In the toolchain, NULL ends up as a ((void *)0) in C, so a null pointer dereference is literally an access to address 0x00000000. On STM32H5, that address is in the External memories remap region in the memory map – it’s not internal Flash or SRAM, it’s an external/aliased bus region.

When you do:

uint32_t *p = NULL;
g_value = *p; // read from 0x00000000

the core issues a read to 0x00000000 on that external‑remap bus path. That access fails at the bus/memory level, so the CPU reports a BusFault. The fault is raised by the bus interface, not by the MPU permission logic.

On other STM32 ARMv8‑M parts, the same code will not give a BusFault if 0x00000000 is mapped differently (for example to an internal Flash alias).

And when you run as a Non‑Secure image with TrustZone enabled, a null dereference can also be classified as a SecureFault rather than MemManage.

kind regards,

1 reply

Khaled_DHIFBest answer
ST Employee
January 26, 2026

Hello @jhoerd ,

On this STM32H5, the behavior comes directly from what NULL is and how the H5 memory map looks.

In the toolchain, NULL ends up as a ((void *)0) in C, so a null pointer dereference is literally an access to address 0x00000000. On STM32H5, that address is in the External memories remap region in the memory map – it’s not internal Flash or SRAM, it’s an external/aliased bus region.

When you do:

uint32_t *p = NULL;
g_value = *p; // read from 0x00000000

the core issues a read to 0x00000000 on that external‑remap bus path. That access fails at the bus/memory level, so the CPU reports a BusFault.

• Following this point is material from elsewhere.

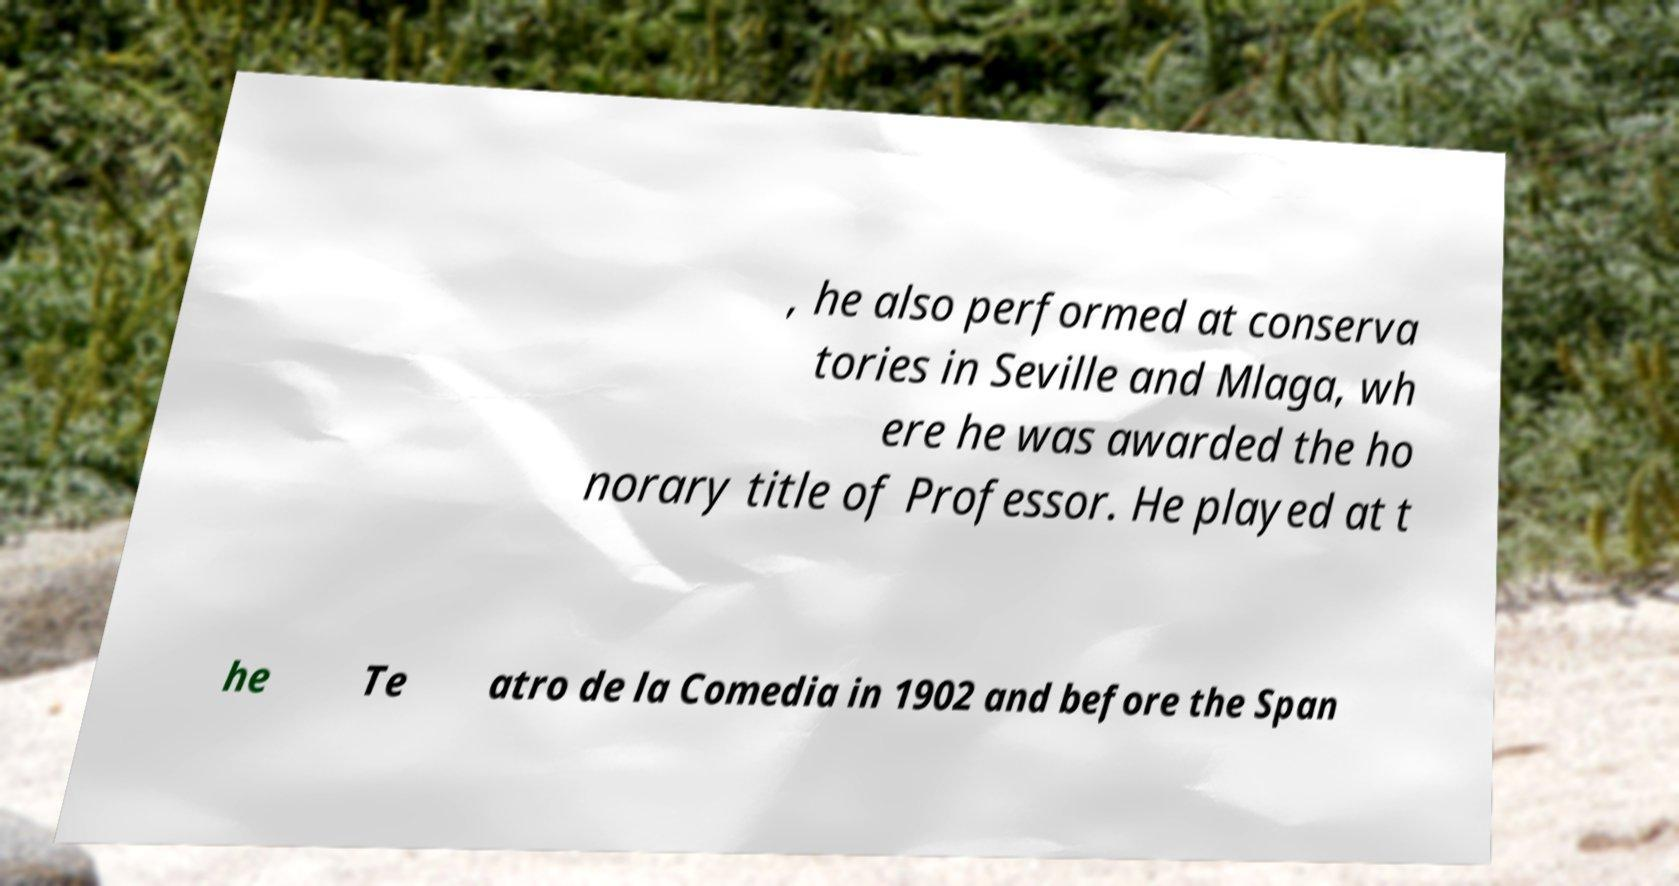Could you assist in decoding the text presented in this image and type it out clearly? , he also performed at conserva tories in Seville and Mlaga, wh ere he was awarded the ho norary title of Professor. He played at t he Te atro de la Comedia in 1902 and before the Span

The fault is raised by the bus interface, not by the MPU permission logic.

On other STM32 ARMv8‑M parts, the same code will not give a BusFault if 0x00000000 is mapped differently (for example to an internal Flash alias).

And when you run as a Non‑Secure image with TrustZone enabled, a null dereference can also be classified as a SecureFault rather than MemManage.

kind regards,

"Please mark my answer as best by clicking on the “Accept as solution"" button if it fully answered your question. This will help other users find this solution faster.​"
jhoerdAuthor
Associate II
January 27, 2026

Hello Khaled_DHIF

many thanks for your answer. You helped me to undertand what happens in my test cases.